8. In Marotirao Deshmukh v. Secy. Municipal Committee Balaghat, AIR 1934 Nag 250(1) the facts were that the suit was instituted by two minor zamindars represented by their mother as their next friend against the Municipal Committee of Balaghat. The plaintiffs failed to make out any case and the suit was dismissed. The two lower Courts held that Marotirao, who was the manager of the zamindar's estate and who conducted suit was responsible for that unnecessary litigation and directed that he should be personally liable for the defendant's coats. Pollock J. held that under Section 35 of the Code of Civil Procedure the Courts have power to make persons who are not parties to the suit liable for costs and followed the decision in Santhanand Gir v. Basudevanand Gir, AIR 1930 All 225 (FB) to that effect, and affirmed the order as to costs passed against Marutirao,

9. The principle that costs can be awarded in exceptional cases even against a stranger to the litigation was affirmed by a Full Bench of the Allahabad High Court in Chandra Shekhar v. Manohar Lal, AIR 1942 All 233 (FB).

10. In Sree Sreedhar Jew v. Kauta Mohan, AIR 1947 Cal 213 at p. 221 Gentle J. held that the defendants 3, 4 and 5 before him in substance were the plaintiffs and have used the name of defendant 3's wife Rani Moni Dassi merely as machinery to institute the proceedings most likely with a hope that in the event of the suit being unsuccessful, they would he able to avoid the ordinary liability as to costs which follow such an event. On that finding, the learned Judge held that there should be an order in favour of defendant I with certificate for two counsel and in favour of defendant 2 for costs to be paid by defendants 3, 4 and 5.

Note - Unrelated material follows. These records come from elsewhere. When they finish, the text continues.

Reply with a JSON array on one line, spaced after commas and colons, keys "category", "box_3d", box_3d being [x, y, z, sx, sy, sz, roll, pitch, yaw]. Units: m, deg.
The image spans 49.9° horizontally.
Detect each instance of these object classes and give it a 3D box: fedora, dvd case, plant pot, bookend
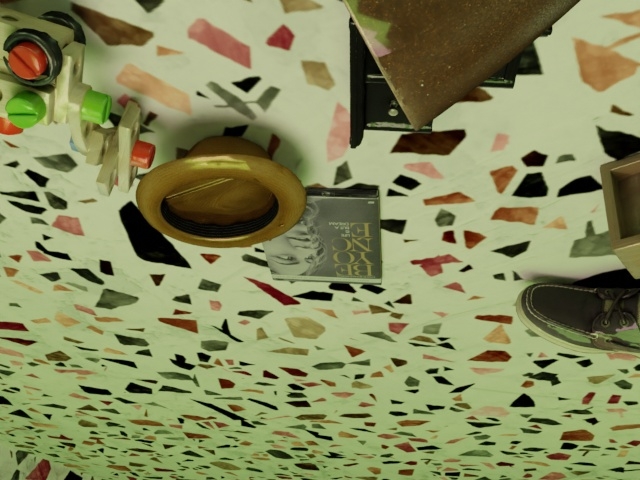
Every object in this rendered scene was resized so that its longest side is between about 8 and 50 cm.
[{"category": "fedora", "box_3d": [-0.113, -0.064, 0.794, 0.194, 0.079, 0.194, -2, 147, -1]}, {"category": "dvd case", "box_3d": [0.000, 0.000, 0.935, 0.164, 0.018, 0.221, 2, 149, 7]}, {"category": "plant pot", "box_3d": [0.108, -0.214, 0.402, 0.230, 0.215, 0.215, -28, 139, 12]}, {"category": "bookend", "box_3d": [0.104, -0.154, 0.610, 0.156, 0.072, 0.157, 4, 149, 4]}]

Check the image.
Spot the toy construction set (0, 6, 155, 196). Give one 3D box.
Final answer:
[{"category": "toy construction set", "box_3d": [-0.322, -0.128, 0.661, 0.328, 0.151, 0.215, 8, 125, -16]}]

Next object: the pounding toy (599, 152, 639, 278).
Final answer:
[{"category": "pounding toy", "box_3d": [0.385, -0.023, 0.713, 0.141, 0.130, 0.100, -19, 141, 35]}]

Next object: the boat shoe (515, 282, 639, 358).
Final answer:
[{"category": "boat shoe", "box_3d": [0.413, 0.106, 0.926, 0.285, 0.103, 0.092, 17, 148, 8]}]

11. It is therefore clear from these authorities that the Court has ample discretion to award costs even against the persons who were not parties to the suit if the Court considers that their conduct warrants it. It is also plain that if some of the parties interested in the litigation choose I to be impleaded as defendants, but set up one having a right similar to theirs as a plaintiff in the hope that the litigation proves successful they shall have the benefit of the decree, such defendants can also be made liable for costs. The Court, in making an order as to costs, can consider the conduct of that party both antecedent to the suit as well as in the suit itself.

12. Applying these principles to the instant case, it is clear that the second defendant was very much interested in obtaining a declaration that the will was genuine, as she is also one of the legatees under that will. She admittedly played a considerable part in setting up the will which has been found by the lower Court as well as by me to be a fabrication. If really she wanted to disassociate herself from the will, she should have filed a statement to that effect and should not have given evidence in support of the plaintiffs case. The fact that she remained ex parte is therefore more that over weighed by the other circumstances in the case. Having regard to all the circumstances, I cannot say that the learned Subordinate Judge was wrong in the exercise of his discretion when he directed that the second defendant along with the plaintiff, should he made liable to pay the ousts to defendants 1 and 3. He has not committed any error in principle in awarding costs against the second defendant.

13. The appeal therefore fails and is dismissed; but in the circumstances I make no orderas to cost.